Functional and Spatial Genomics

The Functional and Spatial Genomics Platform specializes in epigenomic technologies that functionally analyze both cis and trans elements of the mammalian genomes with a special focus on integrating spatial information obtained via high throughput sequencing and imaging approaches.  Understanding how the epigenome drives phenotypes of cells in their morphological context is critical to understanding each cell’s function, how cells work together, and what goes awry during disease and these technologies can guide you to that information. Below are descriptions of this platform’s methods: 

  • MERFISH - Multiplexed Error Robust Fluorescence In situ Hybridization (MERFISH) is an imaging method capable of simultaneously measuring the copy number and spatial distribution of hundreds to thousands of RNA species in single cells. The Center is working closely with the laboratory of Xiaowei Zhuang at Harvard to bring this transformative technology to San Diego researchers. Currently we are able to image the transcripts of 130 genes by precisely quantifying their copy numbers and registering their 3D localization in the context of their spatial niche.
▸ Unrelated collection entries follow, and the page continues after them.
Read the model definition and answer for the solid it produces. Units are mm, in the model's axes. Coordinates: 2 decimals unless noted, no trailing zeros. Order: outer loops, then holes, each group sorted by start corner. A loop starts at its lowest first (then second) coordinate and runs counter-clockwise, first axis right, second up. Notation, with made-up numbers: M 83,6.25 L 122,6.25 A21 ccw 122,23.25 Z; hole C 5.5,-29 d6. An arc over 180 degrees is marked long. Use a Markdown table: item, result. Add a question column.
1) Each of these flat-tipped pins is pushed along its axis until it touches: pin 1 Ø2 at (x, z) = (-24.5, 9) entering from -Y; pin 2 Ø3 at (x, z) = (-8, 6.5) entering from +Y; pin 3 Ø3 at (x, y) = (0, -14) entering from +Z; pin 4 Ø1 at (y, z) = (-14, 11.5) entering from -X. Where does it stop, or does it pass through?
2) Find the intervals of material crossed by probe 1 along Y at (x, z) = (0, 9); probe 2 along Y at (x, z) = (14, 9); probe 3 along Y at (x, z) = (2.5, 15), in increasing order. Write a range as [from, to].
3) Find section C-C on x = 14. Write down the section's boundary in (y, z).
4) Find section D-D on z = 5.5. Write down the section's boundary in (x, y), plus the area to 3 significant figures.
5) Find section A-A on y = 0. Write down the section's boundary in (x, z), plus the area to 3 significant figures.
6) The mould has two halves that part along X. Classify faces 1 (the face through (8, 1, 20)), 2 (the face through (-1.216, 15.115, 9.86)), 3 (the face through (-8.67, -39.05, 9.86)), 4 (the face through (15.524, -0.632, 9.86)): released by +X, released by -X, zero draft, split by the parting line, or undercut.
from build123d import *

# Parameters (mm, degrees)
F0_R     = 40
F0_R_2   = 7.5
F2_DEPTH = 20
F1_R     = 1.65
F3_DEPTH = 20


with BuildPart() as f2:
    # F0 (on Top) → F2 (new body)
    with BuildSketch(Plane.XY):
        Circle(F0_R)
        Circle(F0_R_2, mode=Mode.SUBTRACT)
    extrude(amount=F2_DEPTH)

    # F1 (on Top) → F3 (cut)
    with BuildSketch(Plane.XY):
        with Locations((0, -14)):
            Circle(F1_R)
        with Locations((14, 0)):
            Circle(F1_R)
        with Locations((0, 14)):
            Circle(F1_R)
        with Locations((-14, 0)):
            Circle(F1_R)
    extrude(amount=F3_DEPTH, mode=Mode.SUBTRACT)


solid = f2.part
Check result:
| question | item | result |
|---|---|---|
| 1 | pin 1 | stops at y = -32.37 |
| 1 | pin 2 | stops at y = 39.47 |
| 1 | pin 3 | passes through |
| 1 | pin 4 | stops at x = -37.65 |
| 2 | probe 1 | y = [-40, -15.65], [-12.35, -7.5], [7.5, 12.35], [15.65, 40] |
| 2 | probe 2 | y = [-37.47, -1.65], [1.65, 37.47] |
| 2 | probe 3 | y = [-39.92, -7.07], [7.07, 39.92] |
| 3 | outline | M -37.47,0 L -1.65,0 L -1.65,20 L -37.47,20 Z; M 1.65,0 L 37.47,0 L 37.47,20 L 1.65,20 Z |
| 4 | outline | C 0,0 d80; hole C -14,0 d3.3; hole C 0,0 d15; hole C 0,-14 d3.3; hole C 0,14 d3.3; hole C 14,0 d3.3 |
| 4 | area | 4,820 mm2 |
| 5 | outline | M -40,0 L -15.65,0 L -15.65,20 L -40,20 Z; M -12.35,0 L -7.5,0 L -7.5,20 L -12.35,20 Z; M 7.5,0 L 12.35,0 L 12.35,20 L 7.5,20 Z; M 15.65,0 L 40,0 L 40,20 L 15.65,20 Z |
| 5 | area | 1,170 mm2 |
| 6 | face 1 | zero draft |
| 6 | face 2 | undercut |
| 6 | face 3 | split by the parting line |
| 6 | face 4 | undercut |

  • SUPER-RESOLUTION CHROMATIN TRACING - Proper organization of chromatin architecture has been increasingly recognized as a determining factor in regulating gene expression during normal cell cycle and development. Next generation sequencing-based technology, such as single nuclei Hi-C, has provided unprecedented information about chromatin architecture at single cell resolution. However, the application of this methodology has been limited by lack of spatial information, coupled with high-cost but low-throughput. A newly developed imaging technology has allowed for visualization of chromatin architecture with hybridization of multiplexed oligopaint probes. Such high-coverage oligopaint FISH has revealed higher order chromatin structure that are highly consistent with that from Hi-C experiments. With the two imaging systems, we are able to visualize individual chromatin 3D architecture up to 6 Mbp using sequential, multiplexed, high-throughput hybridization and imaging of oligopaint probes.
  • STARR-SEQ - Large scale sequencing efforts have identified and annotated candidate cis-elements of the genome, such as enhancers, that control cell type-specific gene expression. However, the functionality of the vast majority of these candidates  remain largely unknown. Traditional methods of transgenic reporter or enhancer trap are laborious, costly and simply not feasible for large scale enhancer validation. Recent advances in massively parallel reporter assays (MPRAs) or STARR-seq, in which barcoded reporter libraries are introduced into cells and their transcripts can be quantified by RNA sequencing, enable high throughput assessment of candidate enhancers. However, STARR-seq experiments have been largely restricted to a limited set of cultured cells. To eliminate this application barrier, our platform will first adopt this technology at the Center and standardize the protocol. We will then adopt the plasmid-based reporter system into viral vector-mediated delivery approaches, with a focus on Adeno-Associated Virus (AAV) and lentiviral vectors.